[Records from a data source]
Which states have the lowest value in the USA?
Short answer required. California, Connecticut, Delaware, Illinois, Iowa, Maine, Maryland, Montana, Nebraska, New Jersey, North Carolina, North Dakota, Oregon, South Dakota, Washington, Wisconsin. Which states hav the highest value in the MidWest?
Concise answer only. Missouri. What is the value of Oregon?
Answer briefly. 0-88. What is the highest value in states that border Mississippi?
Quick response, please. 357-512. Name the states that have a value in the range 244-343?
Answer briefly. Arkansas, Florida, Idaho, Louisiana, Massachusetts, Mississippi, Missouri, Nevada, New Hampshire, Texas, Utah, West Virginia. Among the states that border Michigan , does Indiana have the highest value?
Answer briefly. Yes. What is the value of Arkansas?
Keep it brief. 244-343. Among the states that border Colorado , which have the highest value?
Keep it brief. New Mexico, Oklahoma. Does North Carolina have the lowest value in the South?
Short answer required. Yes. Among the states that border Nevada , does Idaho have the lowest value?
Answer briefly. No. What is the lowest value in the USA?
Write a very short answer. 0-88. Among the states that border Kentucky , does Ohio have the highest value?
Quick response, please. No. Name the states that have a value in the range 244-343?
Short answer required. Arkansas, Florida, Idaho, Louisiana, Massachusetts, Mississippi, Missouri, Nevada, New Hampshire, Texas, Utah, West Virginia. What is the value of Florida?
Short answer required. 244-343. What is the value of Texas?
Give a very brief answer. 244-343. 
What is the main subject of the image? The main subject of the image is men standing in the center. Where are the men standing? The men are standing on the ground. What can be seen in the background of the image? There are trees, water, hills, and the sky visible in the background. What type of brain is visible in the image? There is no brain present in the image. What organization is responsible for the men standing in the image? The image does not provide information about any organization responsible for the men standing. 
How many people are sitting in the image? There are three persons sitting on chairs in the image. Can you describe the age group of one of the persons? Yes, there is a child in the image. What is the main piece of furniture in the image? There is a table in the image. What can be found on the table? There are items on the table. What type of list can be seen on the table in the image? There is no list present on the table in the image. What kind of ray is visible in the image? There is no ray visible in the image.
--
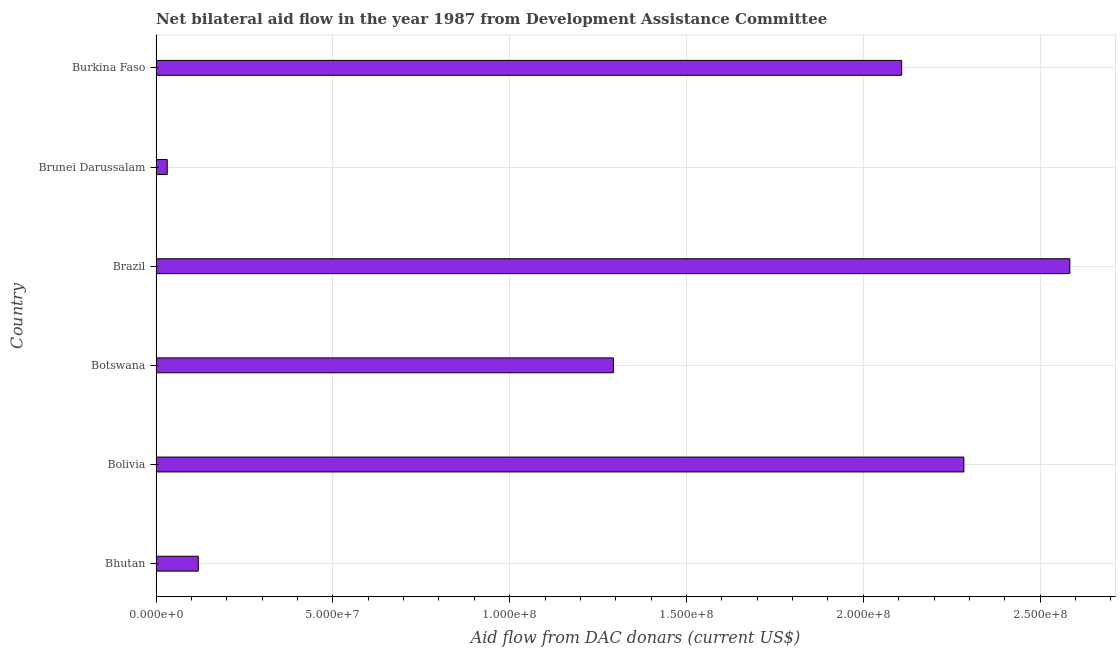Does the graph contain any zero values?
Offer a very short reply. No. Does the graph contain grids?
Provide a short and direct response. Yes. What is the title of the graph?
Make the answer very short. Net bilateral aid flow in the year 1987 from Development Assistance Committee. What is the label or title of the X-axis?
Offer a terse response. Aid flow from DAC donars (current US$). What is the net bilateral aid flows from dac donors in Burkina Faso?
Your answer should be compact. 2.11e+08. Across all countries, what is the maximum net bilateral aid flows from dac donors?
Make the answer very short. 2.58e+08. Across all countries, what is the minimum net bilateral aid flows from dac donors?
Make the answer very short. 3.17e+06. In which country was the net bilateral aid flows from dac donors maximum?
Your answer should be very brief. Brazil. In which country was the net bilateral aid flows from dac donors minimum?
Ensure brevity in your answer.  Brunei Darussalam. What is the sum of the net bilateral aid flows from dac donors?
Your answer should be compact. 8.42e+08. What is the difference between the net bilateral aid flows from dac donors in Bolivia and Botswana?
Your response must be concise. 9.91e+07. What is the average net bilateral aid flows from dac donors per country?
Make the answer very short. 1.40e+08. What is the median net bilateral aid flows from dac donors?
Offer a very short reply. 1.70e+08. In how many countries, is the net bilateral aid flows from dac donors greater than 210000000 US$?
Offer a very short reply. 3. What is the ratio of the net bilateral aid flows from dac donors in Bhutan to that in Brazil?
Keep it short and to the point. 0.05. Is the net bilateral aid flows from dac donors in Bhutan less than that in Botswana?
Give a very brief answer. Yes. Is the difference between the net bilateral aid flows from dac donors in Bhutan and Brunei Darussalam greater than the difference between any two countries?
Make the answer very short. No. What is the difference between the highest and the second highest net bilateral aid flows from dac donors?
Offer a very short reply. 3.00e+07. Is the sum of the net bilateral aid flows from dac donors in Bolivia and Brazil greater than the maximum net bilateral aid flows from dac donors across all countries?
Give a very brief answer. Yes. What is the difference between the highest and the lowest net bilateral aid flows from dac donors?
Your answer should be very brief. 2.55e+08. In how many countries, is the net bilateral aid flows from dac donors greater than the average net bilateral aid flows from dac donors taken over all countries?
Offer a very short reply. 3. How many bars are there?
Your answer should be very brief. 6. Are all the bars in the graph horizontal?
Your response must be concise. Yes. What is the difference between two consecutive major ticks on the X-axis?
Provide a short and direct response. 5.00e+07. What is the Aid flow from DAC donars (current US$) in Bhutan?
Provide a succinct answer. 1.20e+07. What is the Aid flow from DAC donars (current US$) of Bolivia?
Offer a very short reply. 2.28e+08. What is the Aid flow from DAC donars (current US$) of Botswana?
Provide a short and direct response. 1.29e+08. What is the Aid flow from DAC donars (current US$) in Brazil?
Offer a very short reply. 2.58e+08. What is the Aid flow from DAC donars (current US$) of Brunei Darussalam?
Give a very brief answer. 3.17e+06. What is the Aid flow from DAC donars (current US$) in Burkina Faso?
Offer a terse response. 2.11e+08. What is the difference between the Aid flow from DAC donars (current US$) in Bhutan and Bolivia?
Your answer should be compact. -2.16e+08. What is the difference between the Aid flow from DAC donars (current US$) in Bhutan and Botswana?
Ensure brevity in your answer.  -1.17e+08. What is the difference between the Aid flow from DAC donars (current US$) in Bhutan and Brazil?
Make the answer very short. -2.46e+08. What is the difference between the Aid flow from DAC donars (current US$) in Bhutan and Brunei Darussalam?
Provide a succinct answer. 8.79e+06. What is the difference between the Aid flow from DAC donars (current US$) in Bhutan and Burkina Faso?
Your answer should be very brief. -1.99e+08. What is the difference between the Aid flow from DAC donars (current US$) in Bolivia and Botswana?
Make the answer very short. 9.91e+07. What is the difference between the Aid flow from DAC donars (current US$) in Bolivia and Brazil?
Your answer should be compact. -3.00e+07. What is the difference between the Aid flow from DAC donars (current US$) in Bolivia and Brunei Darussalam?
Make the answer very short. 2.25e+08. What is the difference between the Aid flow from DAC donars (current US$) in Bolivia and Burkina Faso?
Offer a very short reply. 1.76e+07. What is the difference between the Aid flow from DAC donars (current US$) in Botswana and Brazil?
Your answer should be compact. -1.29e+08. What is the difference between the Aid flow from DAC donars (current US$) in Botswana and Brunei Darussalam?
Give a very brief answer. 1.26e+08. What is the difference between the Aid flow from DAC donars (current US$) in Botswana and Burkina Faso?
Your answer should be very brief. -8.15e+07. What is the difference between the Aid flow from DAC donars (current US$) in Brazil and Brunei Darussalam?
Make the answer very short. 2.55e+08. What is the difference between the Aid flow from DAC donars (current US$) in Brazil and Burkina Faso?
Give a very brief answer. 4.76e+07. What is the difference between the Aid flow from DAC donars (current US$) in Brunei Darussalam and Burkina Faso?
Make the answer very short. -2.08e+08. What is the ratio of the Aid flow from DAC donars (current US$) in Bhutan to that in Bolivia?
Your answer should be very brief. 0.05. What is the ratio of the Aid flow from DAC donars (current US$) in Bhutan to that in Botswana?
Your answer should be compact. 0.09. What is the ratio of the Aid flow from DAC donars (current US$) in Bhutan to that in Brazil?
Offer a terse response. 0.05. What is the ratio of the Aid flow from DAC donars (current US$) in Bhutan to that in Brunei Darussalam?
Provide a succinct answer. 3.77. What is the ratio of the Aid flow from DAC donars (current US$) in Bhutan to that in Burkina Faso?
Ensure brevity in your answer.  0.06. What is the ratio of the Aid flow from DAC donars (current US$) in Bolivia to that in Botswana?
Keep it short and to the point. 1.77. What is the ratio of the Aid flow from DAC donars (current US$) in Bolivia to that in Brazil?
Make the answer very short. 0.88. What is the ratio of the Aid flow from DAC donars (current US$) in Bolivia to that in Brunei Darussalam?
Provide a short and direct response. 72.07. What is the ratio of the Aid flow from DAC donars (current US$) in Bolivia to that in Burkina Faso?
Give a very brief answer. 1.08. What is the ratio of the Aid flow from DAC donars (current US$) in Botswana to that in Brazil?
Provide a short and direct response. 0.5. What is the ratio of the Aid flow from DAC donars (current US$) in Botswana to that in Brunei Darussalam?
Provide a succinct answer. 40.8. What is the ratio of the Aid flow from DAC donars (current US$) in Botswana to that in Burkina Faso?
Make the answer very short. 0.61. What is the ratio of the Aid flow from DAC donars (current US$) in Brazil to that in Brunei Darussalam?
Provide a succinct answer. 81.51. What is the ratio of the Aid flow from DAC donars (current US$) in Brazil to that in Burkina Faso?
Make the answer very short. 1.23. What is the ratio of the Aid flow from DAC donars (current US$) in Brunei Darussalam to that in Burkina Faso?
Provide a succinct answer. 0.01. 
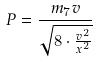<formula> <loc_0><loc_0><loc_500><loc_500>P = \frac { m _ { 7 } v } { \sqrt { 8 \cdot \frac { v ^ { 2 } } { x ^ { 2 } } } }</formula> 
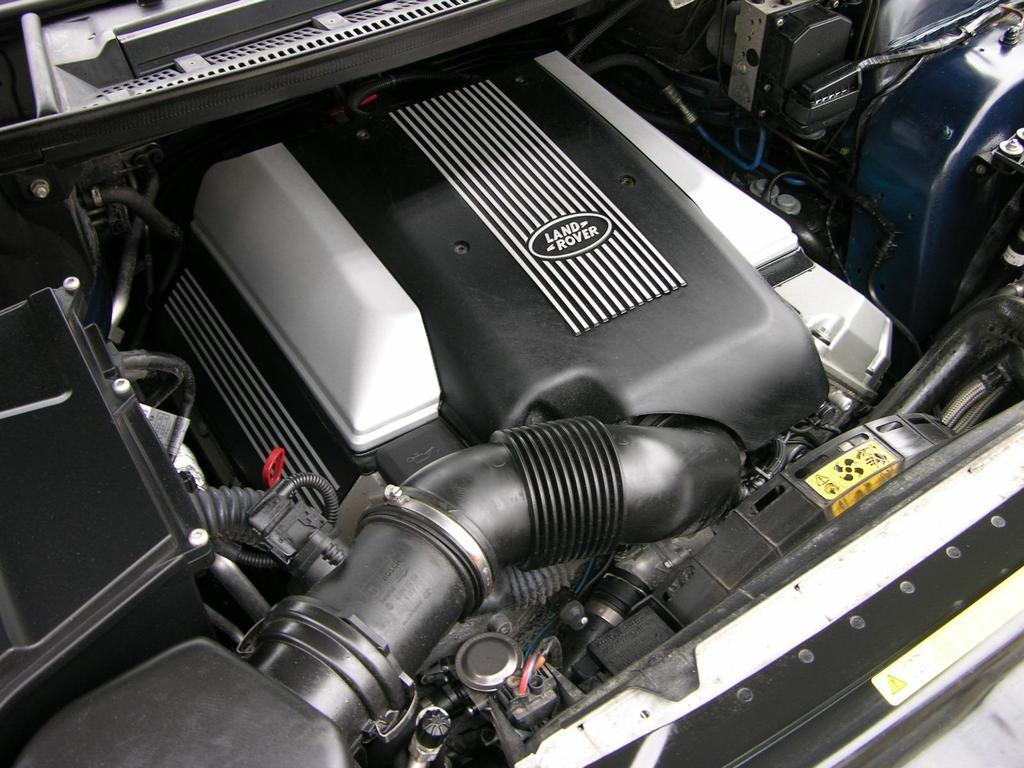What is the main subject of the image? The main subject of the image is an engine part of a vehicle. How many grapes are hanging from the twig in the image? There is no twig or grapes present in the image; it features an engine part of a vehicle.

EXERCISE AIM: Above are records; repeat only the lines starting at the line with "Your answer should be very brief. 2.55e+08." and ending at the line with "Provide a short and direct response. 5.00e+07.", exactly as they appear, both included.

RESULT OF THIS EXERCISE:
Your answer should be very brief. 2.55e+08. In how many countries, is the net bilateral aid flows from dac donors greater than the average net bilateral aid flows from dac donors taken over all countries?
Offer a very short reply. 3. How many bars are there?
Your answer should be very brief. 6. Are all the bars in the graph horizontal?
Your response must be concise. Yes. What is the difference between two consecutive major ticks on the X-axis?
Provide a short and direct response. 5.00e+07. What is the Aid flow from DAC donars (current US$) in Bhutan?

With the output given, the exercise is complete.